GE Capital privilégie la Bourse pour maximiser la valeur de son crédit à la consommation

le 03/09/2013 L'AGEFI Quotidien / Edition de 7H

Alors que le rachat des cartes de crédit de HSBC aux Etats-Unis s'était fait à 9% du portefeuille, General Electric préfère la voie de l'IPO

Jeffrey Immelt, le patron de General Electric, avait annoncé la couleur au mois de mai : il souhaite recentrer le conglomérat sur ses activités industrielles et réduire le poids des activités financières dans le total de bilan. L’option d’une mise en Bourse de la division de crédit à la consommation aux Etats-Unis, évoquée alors par les analystes financiers, prend corps, à en croire le Wall Street Journal. Le groupe a mandaté JPMorgan et Goldman Sachs pour plancher sur un projet d’IPO qui pourrait aboutir début 2014.

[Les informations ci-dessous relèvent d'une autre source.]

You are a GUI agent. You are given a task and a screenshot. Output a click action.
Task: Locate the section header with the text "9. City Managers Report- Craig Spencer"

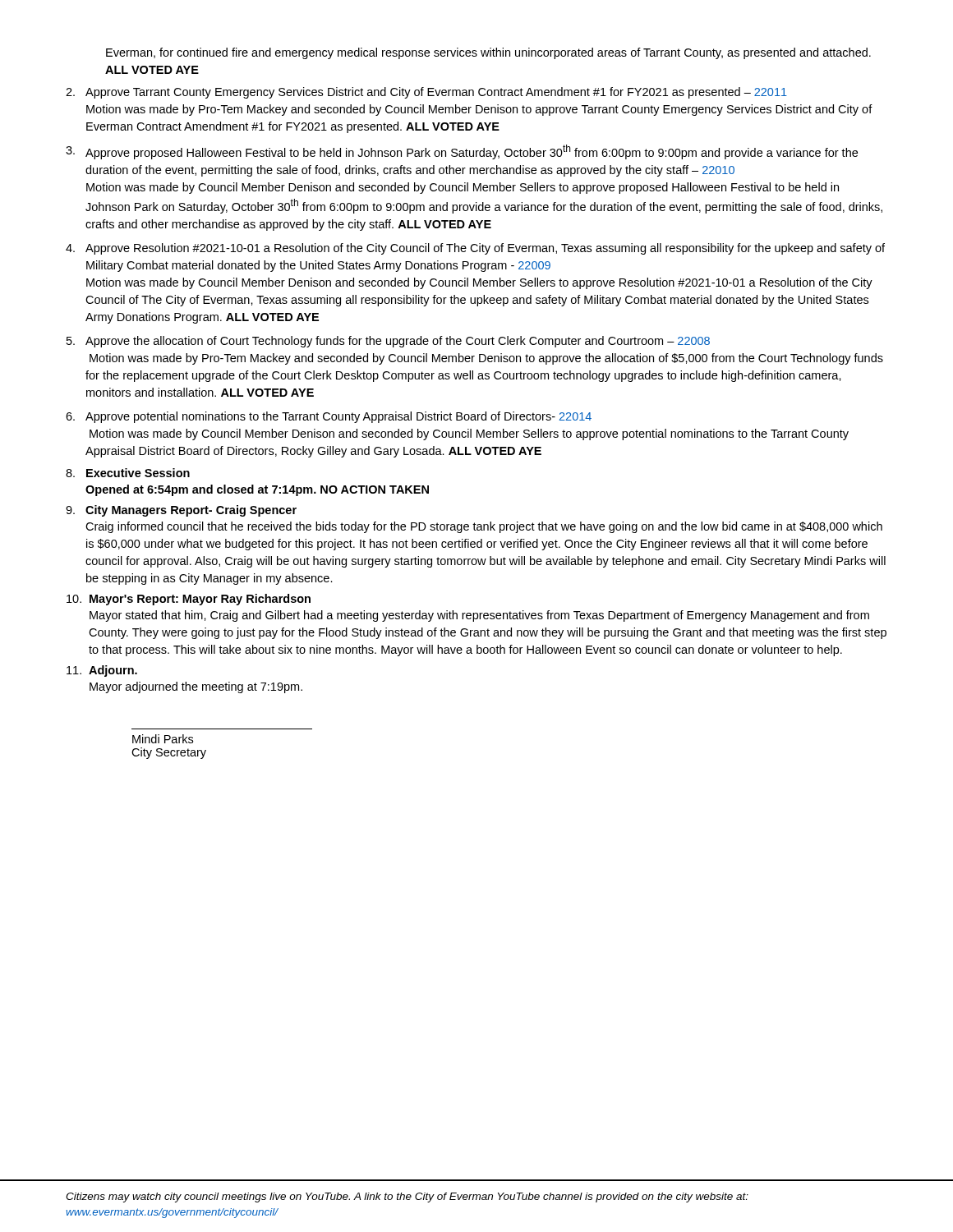pyautogui.click(x=181, y=510)

Les activités considérées pesaient à fin juin un peu plus de 50 milliards de dollars d’actifs sur un total de prêts au bilan de 274 milliards pour la filiale financière GE Capital. Le conglomérat avait déjà envisagé fin 2007 de vendre uniquement ses cartes de crédit aux Etats-Unis, mais il n’avait pu trouver preneur à des conditions acceptables. La dernière transaction d’envergure dans ce secteur date d’août 2011. Capital One avait alors racheté les quelque 30 milliards d’euros d’encours de cartes de crédit de HSBC outre-Atlantique, à un prix de 2,75 milliards, soit 8,75% de la valeur nominale du portefeuille. Appliqué à celui de GE Capital, ce multiple aboutirait à une valeur de 4,4 milliards de dollars.

Mais les limites posées par les autorités de la concurrence américaines à l’expansion des grandes banques réduisent le champ des acquéreurs potentiels. Et Jeffrey Immelt, qui relevait en mai que «les marchés financiers sont très réceptifs aux IPO», espère sans doute extraire davantage de valeur grâce à la Bourse. Le groupe américain de services financiers aux particuliers Discover, avec un total de bilan de 75 milliards de dollars, affiche une capitalisation boursière de 23 milliards et une action en hausse de 23% depuis le 1er janvier.

GE, dont la filiale financière est considérée comme systémique par les régulateurs américains, se séparerait ainsi de métiers qui lui ont donné des sueurs froides au plus fort de la crise fin 2008 et début 2009, mais qui se sont révélés robustes ensuite. «La décision de conserver l’activité cartes de crédit a bénéficié à GE Capital, puisque l’ensemble de la division particuliers a représenté 50% des profits [de la filiale financière] sur 2010-2012», soulignaient en mai les analystes de CreditSights.